To uncover bugs in this configuration, I believe you'd want/need a
stage2/stage3 comparison which might be a bit tricky/expensive*, something
like:

build clang twice (reverse and forward enabled) then build (in one mode,
doesn't matter which I think) clang or other release binaries (or even the
whole release) from each of those and compare them bit-for-bit, they should
be identical.

* If you want other developers to act on bugs found, the buildbot needs to
have a short blame list (this can be done on a slow buildbot by having
multiple slaves/builders running in parallel) but preferably also a short
cycle time (so failures are reported soon after they're created) - otherwise
expect to do a lot of triage yourself (& possibly leave the emails only
going to you - because they'll have too large blame lists/revision ranges
and people won't find them actionable) & then probably following up on the
specific commit you believe introduced the problem and either fixing it
yourself or replying on the commits list to report it to the original
contributor.

I agree with what David said here, but I just wanted to say that you
shouldn't feel too discouraged because of it.

As someone that occasionally has to bisect 5h+ worth of revisions, I
can tell you that in time you'll often be able to just look at the
revisions and spot the culprit, or maybe 2-3 candidates that have
likely caused the issue. Given that this bot does something very
specific, you can then probably just inspect the code and see what
caused the problem (if the revision doesn't touch any containers, then
it probably didn't cause the issue, right?). It's a lot easier when
you have a revision range, so it obviously won't take as long to
identify and fix as the initial failures that you are seeing now.

Ultimately, it's up to you to decide how much effort you are willing /
able to put into this. This kind of failures probably won't even occur
that often in practice, but when they do I think it's important to
find them and fix them. The best way to know for sure is to give it a
try for a while and see how it goes. If you find that it's
impractical, you can always revert to the current configuration.

Thanks David and Diana for your suggestions. Yes, I am looking at setting up the builder to run after every 10 commits (is 10 a reasonable number?) and notify the blame list in case of failures.

My plan is to enable this once all the current failures in the reverse builder are fixed (currently there are 4 failures).

As for the bit-by-bit comparison of forward vs reverse builders is concerned I am trying to convince my team to dedicate some resources to this. Not sure how soon I can get this done :slight_smile:

Also thanks Diana for your ideas on how to debug/fix reverse iteration failures. Actually I have been following a similar strategy to fix these issues so far. Maybe I will update the community on this in a future email thread.

--Mandeep

Thanks David and Diana for your suggestions. Yes, I am looking at
setting up the builder to run after every 10 commits (is 10 a reasonable
number?) and notify the blame list in case of failures.

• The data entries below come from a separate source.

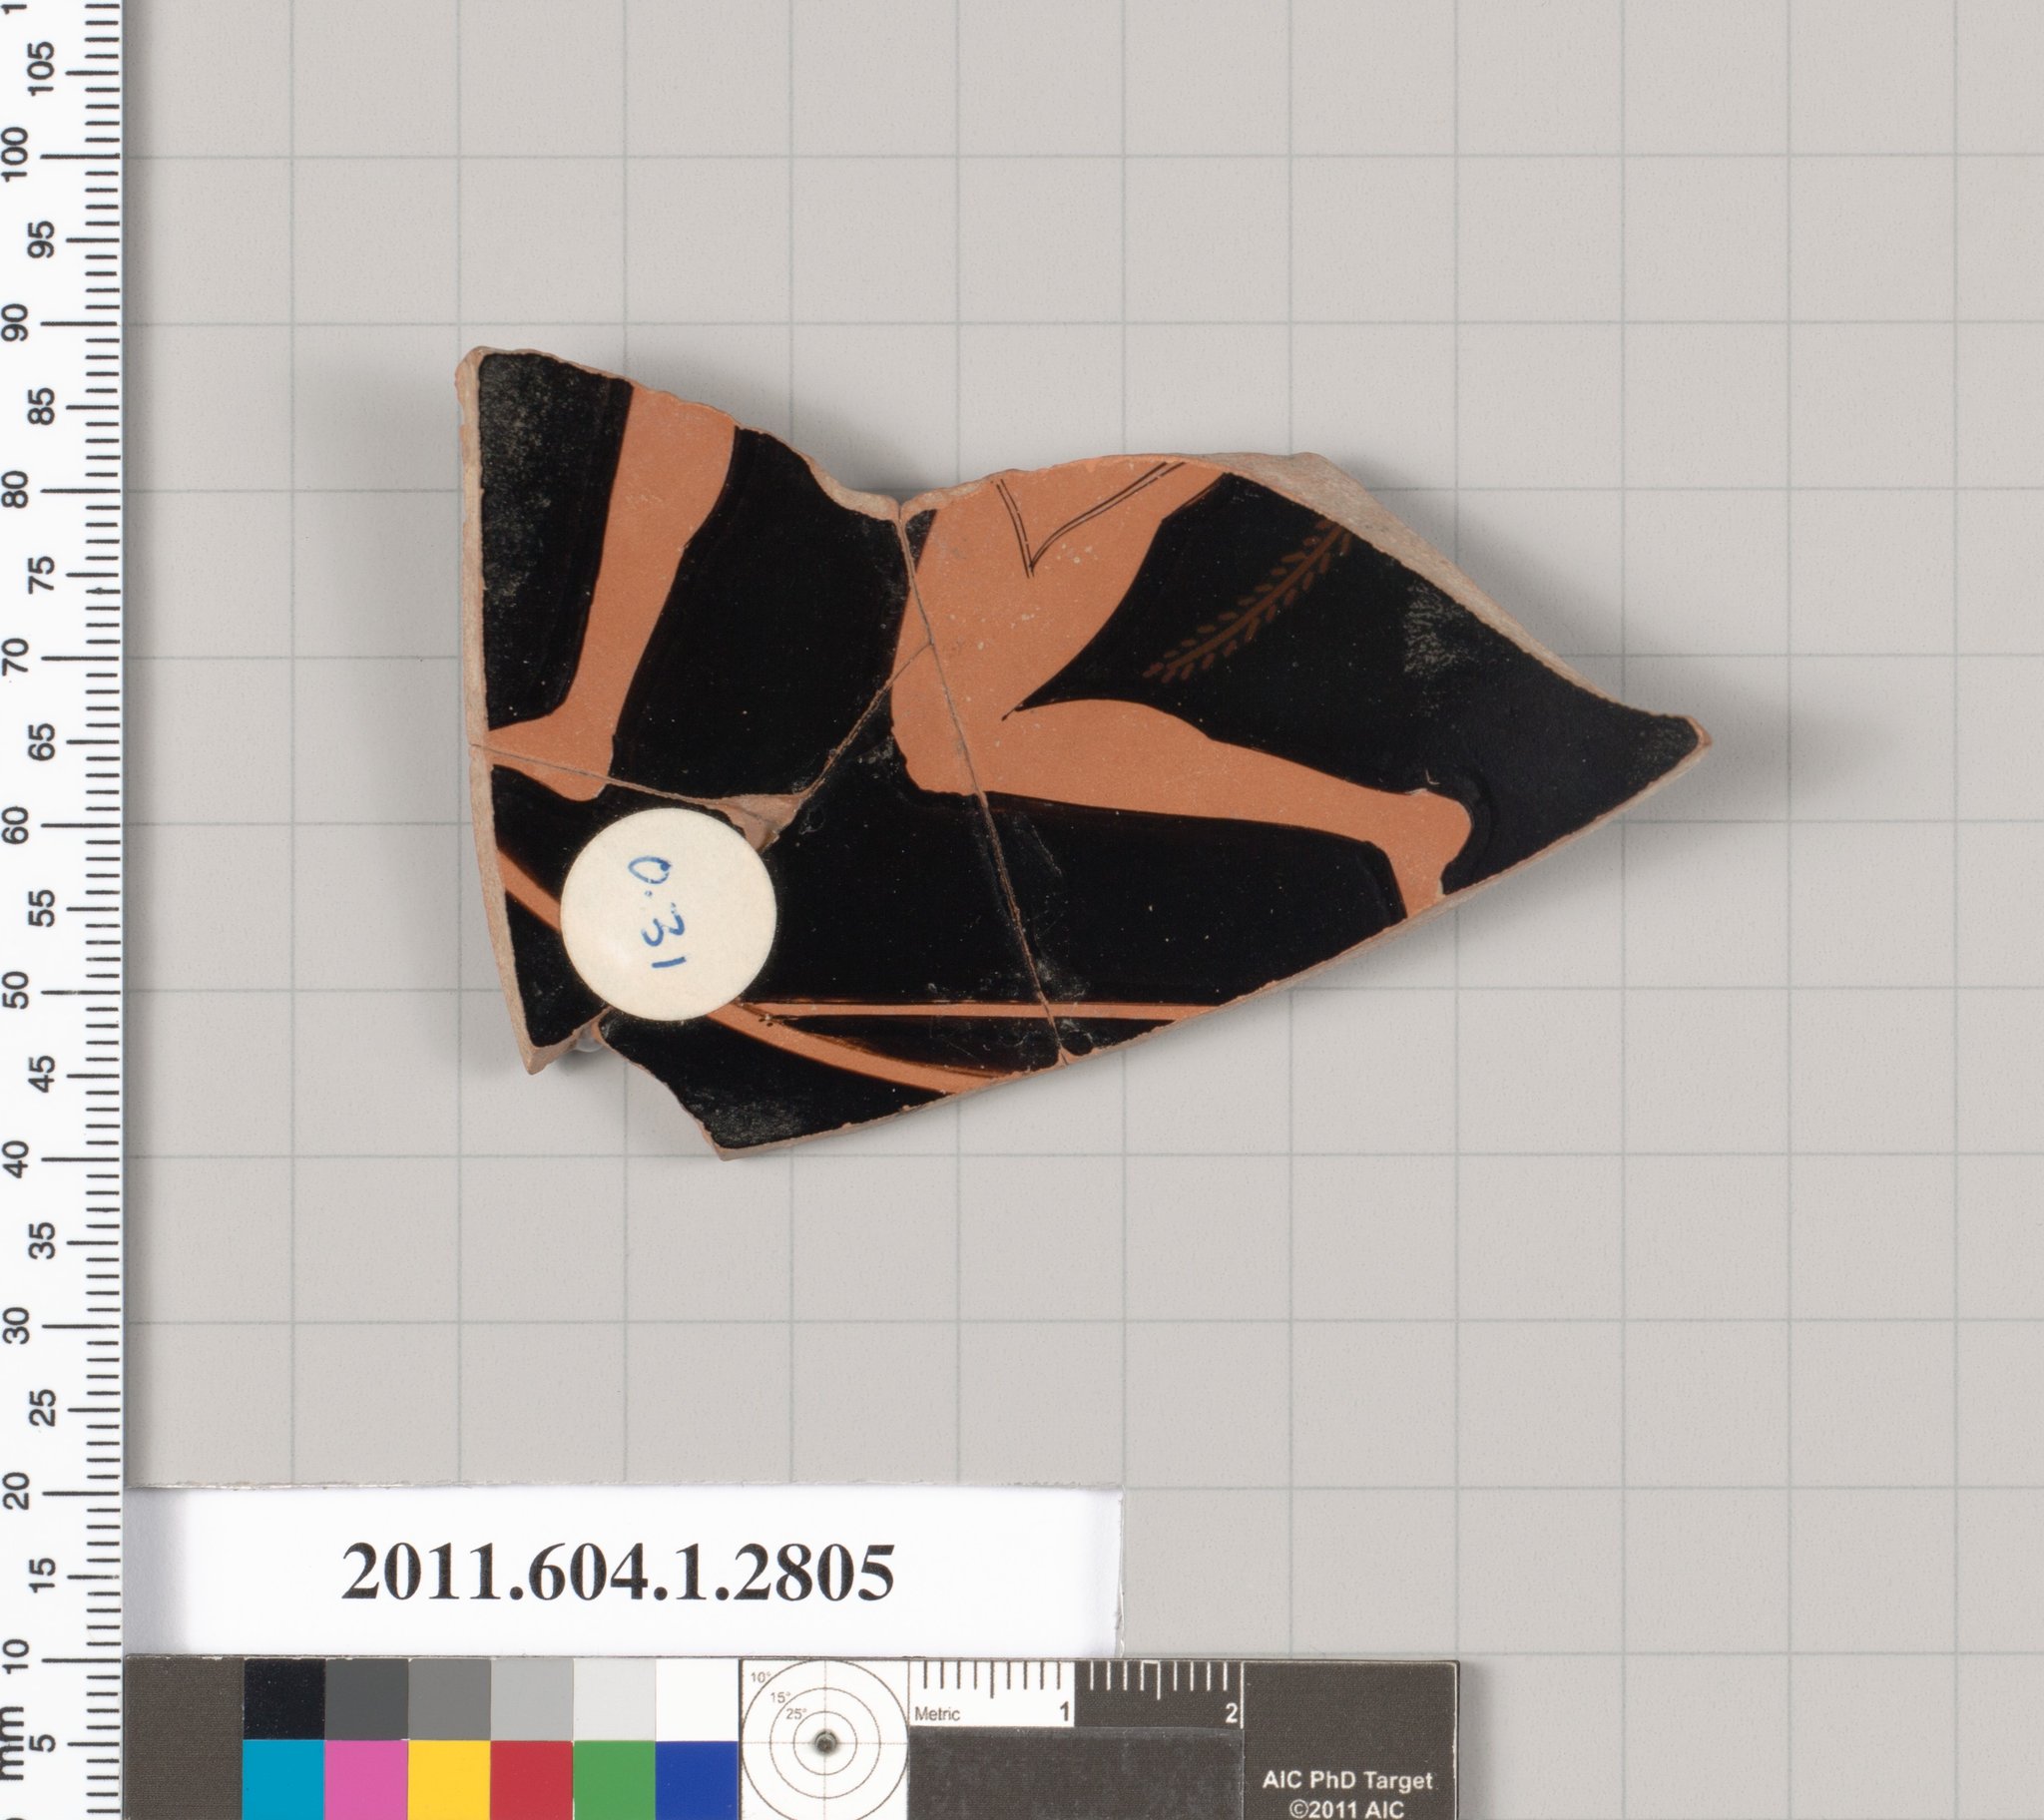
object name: kylix fragment
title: Terracotta fragment of a kylix (drinking cup)
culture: greek, attic
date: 520-500 BCE
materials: terracotta

Mostly you probably just end up having the bot run as fast as possible - I think the default configuration maybe has a time based delay so it doesn’t fire off on the first commit after a quiet period, but if nothing else comes in for a few minutes, it goes off and runs on a single commit rather than sitting idle.

I guess you’d find more in the zorg repository.

But please keep an eye on how reliable/actionable the emails are - if developers aren’t responding to/fixing issues, or if the bot is sending fail mail for other uninteresting things (like build failures that other buildbots alerady diagnosed) - please tweak/tune or disable the buildbot. I know there’s already a lot of buildbot email spam, but everything we can do to reduce the noise is really important.